*** Material provided ***

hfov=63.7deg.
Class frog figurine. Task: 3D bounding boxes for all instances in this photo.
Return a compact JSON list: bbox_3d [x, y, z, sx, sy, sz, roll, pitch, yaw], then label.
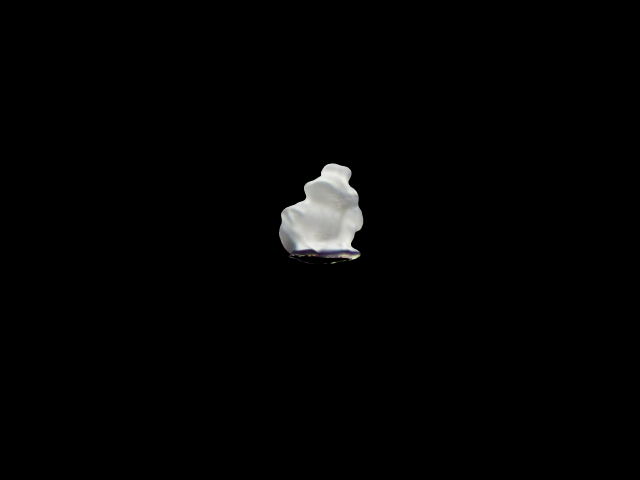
[{"bbox_3d":[0.003,-0.043,0.850,0.137,0.161,0.121,-1,-14,4],"label":"frog figurine"}]
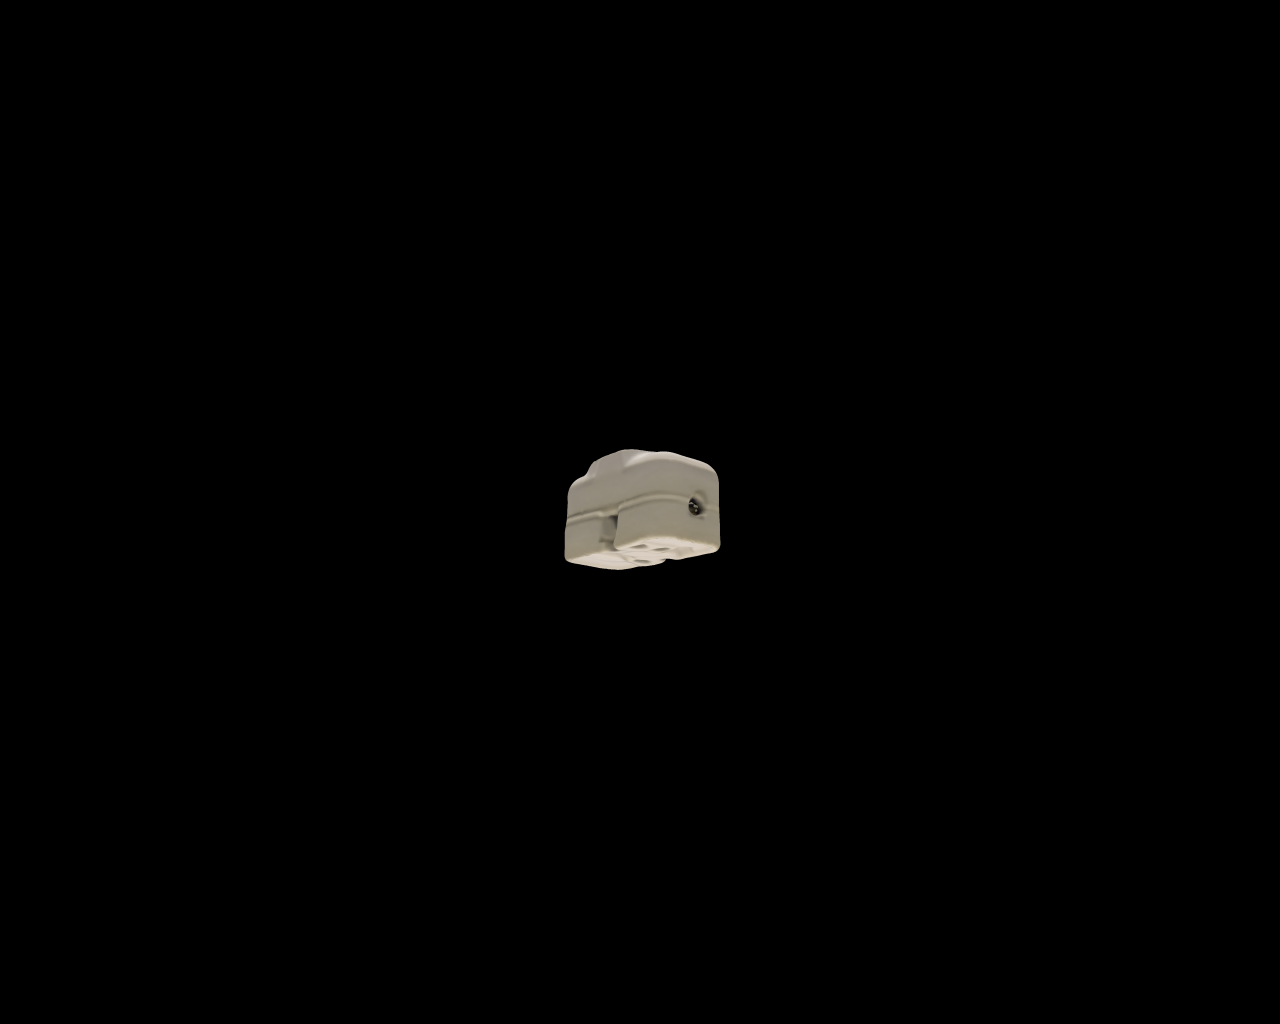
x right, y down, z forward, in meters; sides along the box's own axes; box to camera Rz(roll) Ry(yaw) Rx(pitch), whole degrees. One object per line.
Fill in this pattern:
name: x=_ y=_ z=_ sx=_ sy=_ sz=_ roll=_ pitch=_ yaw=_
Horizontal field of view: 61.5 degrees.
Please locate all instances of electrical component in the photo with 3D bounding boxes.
electrical component: x=0.001 y=-0.003 z=0.650 sx=0.054 sy=0.059 sz=0.095 roll=14 pitch=-20 yaw=-42
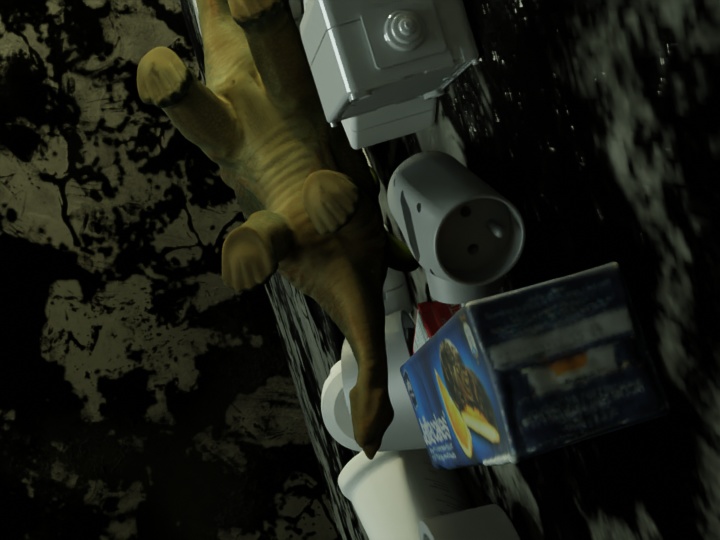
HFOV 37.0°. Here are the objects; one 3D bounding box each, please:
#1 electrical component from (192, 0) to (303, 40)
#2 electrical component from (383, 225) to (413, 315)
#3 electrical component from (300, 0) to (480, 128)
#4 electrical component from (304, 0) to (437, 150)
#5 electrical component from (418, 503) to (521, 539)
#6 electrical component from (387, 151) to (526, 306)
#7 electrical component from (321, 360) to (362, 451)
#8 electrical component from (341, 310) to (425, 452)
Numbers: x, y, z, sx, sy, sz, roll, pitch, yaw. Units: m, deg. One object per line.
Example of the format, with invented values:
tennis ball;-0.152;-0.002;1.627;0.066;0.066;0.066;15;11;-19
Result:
electrical component;-0.086;-0.196;0.879;0.047;0.083;0.075;86;164;-59
electrical component;0.000;0.000;0.821;0.095;0.054;0.059;-130;24;-70
electrical component;0.011;-0.109;0.491;0.096;0.062;0.061;170;83;-82
electrical component;0.005;-0.104;0.592;0.075;0.047;0.083;89;162;-63
electrical component;0.082;0.195;0.655;0.108;0.060;0.108;163;90;-82
electrical component;0.048;-0.010;0.515;0.077;0.043;0.079;-125;19;-65
electrical component;0.005;0.114;0.942;0.051;0.080;0.080;-120;14;-79
electrical component;0.030;0.079;0.753;0.099;0.064;0.099;48;-146;-48
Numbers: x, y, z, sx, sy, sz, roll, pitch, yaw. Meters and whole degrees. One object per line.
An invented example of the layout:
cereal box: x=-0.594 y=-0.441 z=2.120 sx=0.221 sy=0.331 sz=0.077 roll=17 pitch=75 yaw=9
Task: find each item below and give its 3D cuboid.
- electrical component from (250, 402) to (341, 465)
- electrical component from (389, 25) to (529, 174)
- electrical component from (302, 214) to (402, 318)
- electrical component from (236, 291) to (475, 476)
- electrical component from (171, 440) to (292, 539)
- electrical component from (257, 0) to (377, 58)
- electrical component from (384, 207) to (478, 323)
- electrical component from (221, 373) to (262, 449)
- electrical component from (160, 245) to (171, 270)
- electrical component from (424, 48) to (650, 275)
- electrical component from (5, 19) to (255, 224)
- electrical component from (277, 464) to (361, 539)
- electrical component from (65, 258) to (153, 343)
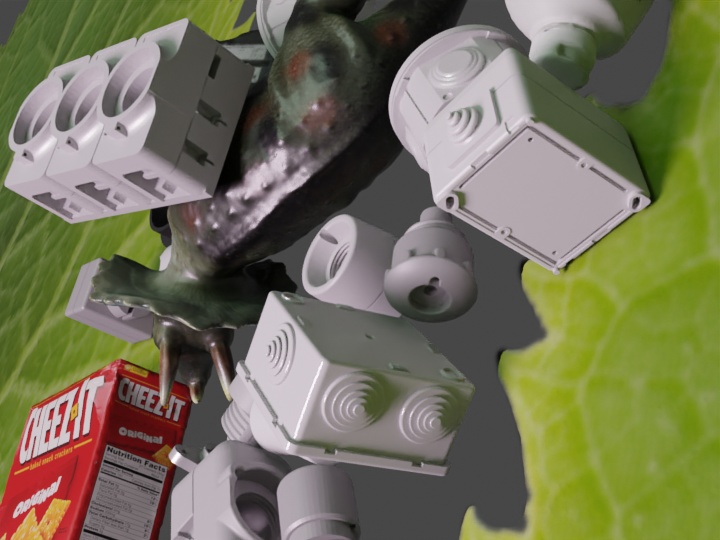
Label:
electrical component: x=-0.029 y=0.084 z=0.588 sx=0.065 sy=0.044 sz=0.044 roll=3 pitch=69 yaw=64
electrical component: x=0.059 y=-0.081 z=0.556 sx=0.080 sy=0.080 sz=0.051 roll=-50 pitch=37 yaw=21
electrical component: x=0.000 y=0.000 z=0.614 sx=0.055 sy=0.047 sz=0.055 roll=-38 pitch=38 yaw=37
electrical component: x=-0.003 y=0.053 z=0.526 sx=0.100 sy=0.100 sz=0.048 roll=45 pitch=118 yaw=59
electrical component: x=-0.066 y=0.145 z=0.594 sx=0.059 sy=0.054 sz=0.095 roll=-45 pitch=34 yaw=28
electrical component: x=-0.031 y=-0.184 z=0.781 sx=0.051 sy=0.080 sz=0.080 roll=-13 pitch=56 yaw=47
electrical component: x=0.038 y=-0.007 z=0.564 sx=0.048 sy=0.048 sz=0.062 roll=-38 pitch=29 yaw=36
electrical component: x=-0.055 y=0.074 z=0.645 sx=0.081 sy=0.043 sz=0.043 roll=-56 pitch=30 yaw=12
electrical component: x=-0.122 y=-0.008 z=0.816 sx=0.062 sy=0.043 sz=0.043 roll=-29 pitch=44 yaw=42
electrical component: x=0.074 y=-0.054 z=0.492 sx=0.062 sy=0.096 sz=0.061 roll=-42 pitch=35 yaw=32
electrical component: x=-0.147 y=-0.088 z=0.656 sx=0.150 sy=0.062 sz=0.089 roll=-6 pitch=61 yaw=43
electrical component: x=-0.019 y=0.135 z=0.542 sx=0.040 sy=0.040 sz=0.078 roll=-46 pitch=34 yaw=27
electrical component: x=-0.190 y=0.023 z=0.876 sx=0.077 sy=0.066 sz=0.047 roll=-16 pitch=53 yaw=52

*** End of Material provided ***

* _About this exercise_
Include the first line of the records, the line containing "Fill in this", and every line between them, repeated exactly. Skip the pictures.

* _Result_
hfov=63.7deg.
Class frog figurine. Task: 3D bounding boxes for all instances in this photo.
Return a compact JSON list: bbox_3d [x, y, z, sx, sy, sz, roll, pitch, yaw], then label.
[{"bbox_3d":[0.003,-0.043,0.850,0.137,0.161,0.121,-1,-14,4],"label":"frog figurine"}]
x right, y down, z forward, in meters; sides along the box's own axes; box to camera Rz(roll) Ry(yaw) Rx(pitch), whole degrees. One object per line.
Fill in this pattern:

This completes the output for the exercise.